Generated by GPT-5-mini| Smooth morphism | |
|---|---|
| Name | Smooth morphism |
| Field | Algebraic geometry |
| Introduced | 1960s |
| Related | Étale morphism, Flat morphism, Unramified morphism, Regular morphism |
Smooth morphism
A smooth morphism is a morphism of schemes that generalizes the notion of a submersion in differential topology and a non-singular map in algebraic geometry, used extensively in the work of Grothendieck, Serre, and Artin. It combines properties studied by Grothendieck in the context of the SGA seminars with techniques from Zariski, Hironaka, and Deligne to control local structure, deformation theory, and cohomological behavior. Smooth morphisms are central to modern treatments by Hartshorne, Mumford, and EGA authors in moduli problems, descent theory, and intersection theory.
A morphism f: X → S of schemes is smooth if it is locally of finite presentation, flat, and has geometrically regular fibers. This definition refines notions introduced by Grothendieck in the Éléments de Géométrie Algébrique and used by Serre and Tate for arithmetic questions. In practice, the condition can be checked using local criteria due to Nakayama, Zariski, and EGA techniques, and is compatible with base change in the sense studied by Chevalley and Artin.
Smooth morphisms satisfy many stability and functoriality properties developed by Grothendieck, EGA authors, and later exposited by Hartshorne and Mumford. They are stable under composition and base change as in the formalism of Serre duality and Verdier duality, and they are open maps in the topological sense used by Zariski and Chevalley. Fibers of smooth morphisms are regular schemes studied by Hironaka in resolution of singularities and by Deligne in the context of ℓ-adic cohomology. The sheaf of relative differentials Ω_{X/S} for a smooth morphism is locally free, a fact used by Kodaira, Spencer, and Griffiths in deformation theory and moduli of complex structures. Smooth morphisms admit étale local sections in contexts treated by Grothendieck, Artin, and Deligne–Mumford, linking to the theory of stacks and the work of Behrend.

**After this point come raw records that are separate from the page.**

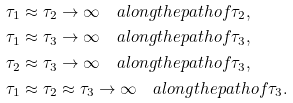Convert formula to latex. <formula><loc_0><loc_0><loc_500><loc_500>& \tau _ { 1 } \approx \tau _ { 2 } \to \infty \quad a l o n g t h e p a t h o f \tau _ { 2 } , \\ & \tau _ { 1 } \approx \tau _ { 3 } \to \infty \quad a l o n g t h e p a t h o f \tau _ { 3 } , \\ & \tau _ { 2 } \approx \tau _ { 3 } \to \infty \quad a l o n g t h e p a t h o f \tau _ { 3 } , \\ & \tau _ { 1 } \approx \tau _ { 2 } \approx \tau _ { 3 } \to \infty \quad a l o n g t h e p a t h o f \tau _ { 3 } .</formula> 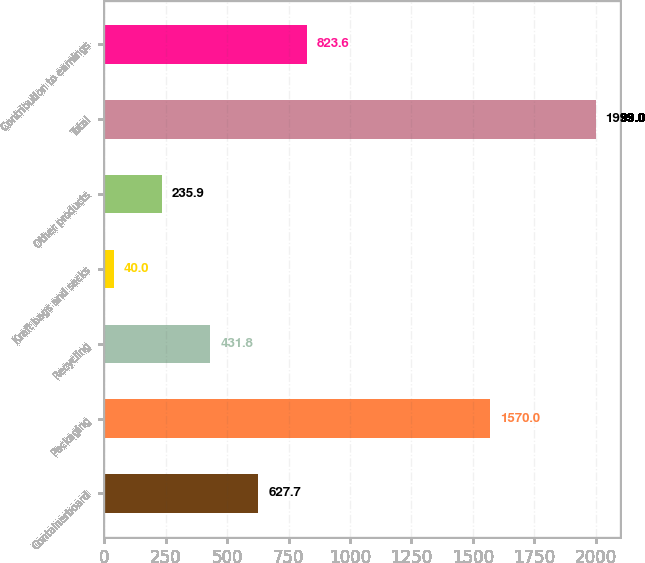Convert chart. <chart><loc_0><loc_0><loc_500><loc_500><bar_chart><fcel>Containerboard<fcel>Packaging<fcel>Recycling<fcel>Kraft bags and sacks<fcel>Other products<fcel>Total<fcel>Contribution to earnings<nl><fcel>627.7<fcel>1570<fcel>431.8<fcel>40<fcel>235.9<fcel>1999<fcel>823.6<nl></chart> 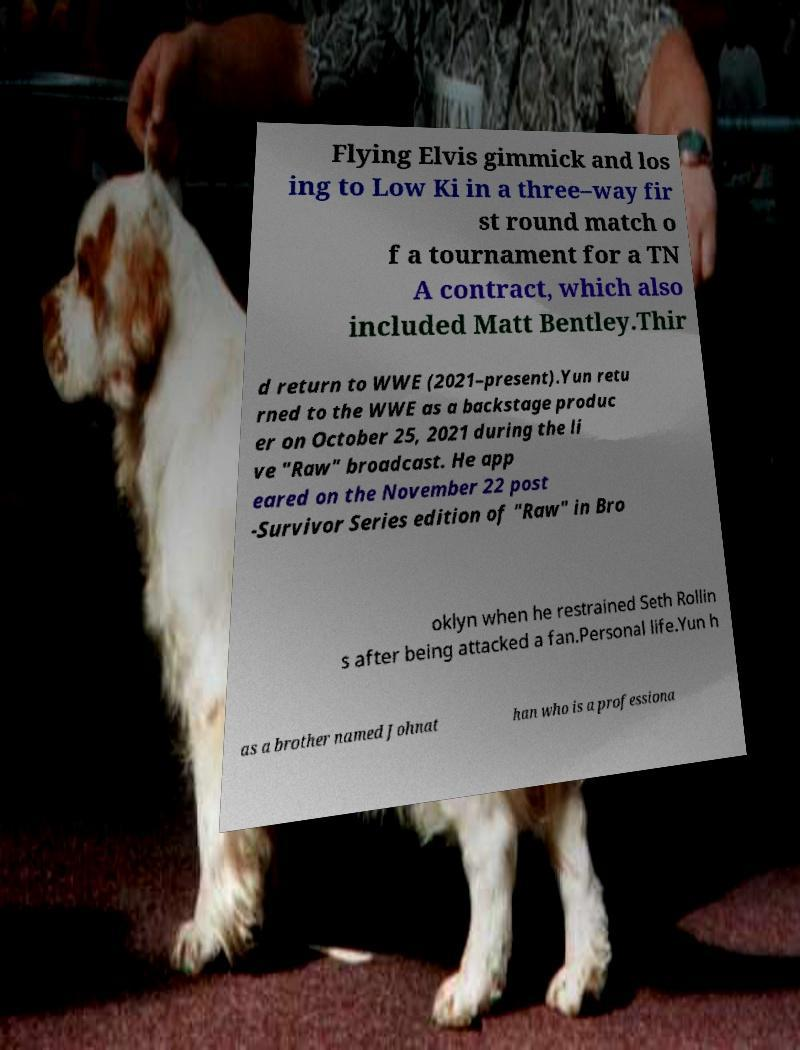Can you accurately transcribe the text from the provided image for me? Flying Elvis gimmick and los ing to Low Ki in a three–way fir st round match o f a tournament for a TN A contract, which also included Matt Bentley.Thir d return to WWE (2021–present).Yun retu rned to the WWE as a backstage produc er on October 25, 2021 during the li ve "Raw" broadcast. He app eared on the November 22 post -Survivor Series edition of "Raw" in Bro oklyn when he restrained Seth Rollin s after being attacked a fan.Personal life.Yun h as a brother named Johnat han who is a professiona

Basic examples include projection maps A^n_S → S studied by Eisenbud, Fulton, and Fulton–MacPherson, and open immersions that appear in classical work of Noether and Weil. Smooth projective morphisms arise in the theory of abelian varieties investigated by Grothendieck and Mumford, and in families of curves studied by Deligne, Mumford, and Igusa. Étale morphisms of schemes, as in Serre and Grothendieck’s treatments, are smooth of relative dimension zero, while certain morphisms with Jacobian nonvanishing—examples considered by Newton, Gauss, and later by Tate—are smooth. Local complete intersections that are regular maps studied by Zariski and Samuel give further examples, and smooth group schemes include reductive groups treated by Chevalley and Borel.
Smooth morphisms sit in a hierarchy with several morphism types elaborated by Grothendieck and EGA: étale morphisms (Grothendieck, Serre) are smooth of relative dimension zero; unramified morphisms (Zariski, Nagata) are characterized by vanishing of Ω_{X/S}; flat morphisms (Matsumura, Serre) are a weaker condition present in the smooth definition; and regular morphisms appear in Grothendieck’s work on alteration by de Jong. The notion interacts with proper morphisms in the context of Kodaira’s vanishing, with projective morphisms in the work of Grothendieck and Mumford, and with Cohen–Macaulay maps in contributions by Auslander and Buchsbaum.
Locally on the source and target one can often present a smooth morphism as a standard smooth map given by polynomial equations with a Jacobian matrix of maximal rank, a technique rooted in the work of Kähler, Weierstrass, and Zariski. The Jacobian criterion, formulated in algebraic terms by Serre and Kunz, gives an effective test for smoothness when source and target are schemes of finite type over a field as in the treatments by Eisenbud and Harris. Formal smoothness in the sense of Grothendieck and Schlessinger captures infinitesimal lifting properties used by Artin in deformation theory and by Illusie in cotangent complex theory. These local descriptions connect to Newton’s method historically and to modern stratifications studied by Thom and Mather.
Smooth morphisms underpin constructions in the theory of moduli spaces by Deligne–Mumford and Artin, in the formulation of smooth base change theorems by Grothendieck and Deligne, and in the study of étale cohomology used by Deligne in proving the Weil conjectures. They play a role in arithmetic geometry through Néron models (Néron, Raynaud), in the study of fibration methods by Faltings and Arakelov, and in Hodge theory as in the work of Griffiths and Schmid. Smoothness is essential in intersection theory developed by Fulton, in resolution techniques by Hironaka, and in stack-theoretic constructions by Laumon, Moret-Bailly, and Olsson. It also appears in applications to number theory via modular curves investigated by Shimura, Deligne, and Drinfeld, and in geometric representation theory through Beilinson–Bernstein and Lusztig.